Like many fledgling soccer fans, I’m not certain when or if a player is truly hurt or faking it. The best evidence that it’s the latter comes courtesy of the Italian team in its 2-1 win over Belgium.

Watch Italy’s appropriately named Ciro Immobile (No.17), who is quite immobile and down on the pitch, holding his right ankle and seemingly badly injured – until: Teammate Nicolo Barella’s scores in the 31st minute, giving Italy a 1-0 lead. Immobile has his head turned, giving him a perfect view of the goal. Suddenly he rises like a phoenix, showing no sign of any discomfort, no less injury. Brilliant!
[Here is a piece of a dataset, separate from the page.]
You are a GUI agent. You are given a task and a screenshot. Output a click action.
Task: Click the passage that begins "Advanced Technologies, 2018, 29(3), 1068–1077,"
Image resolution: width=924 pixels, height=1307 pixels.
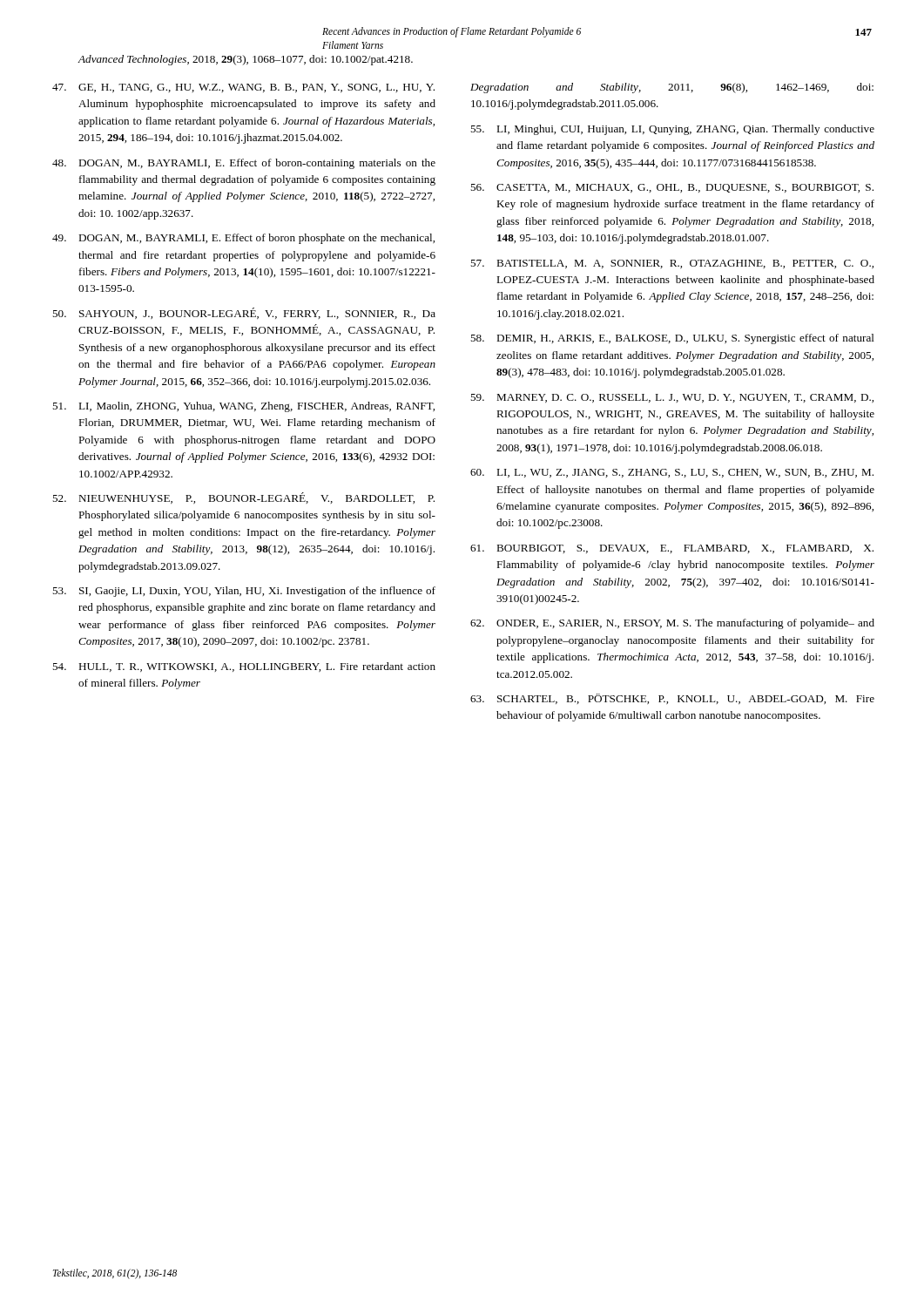tap(246, 59)

We’d like to suggest the Phoenix Award, sponsored by, oh say, the International Private Physical Therapy Association (IPPTA), “We Get You Back on Your Feet,” and presented annually to the soccer player who best feigns an injury. We’d certainly offer the award to men and women but women are tougher and don’t engage in these theatrics.

ESPN’s brilliant soccer announcer Derek Rae informed us Bjorn Kuipers, the referee in Sunday’s Denmark-Czech Republic game, also finds time to run a hair salon in The Netherlands. Brilliant.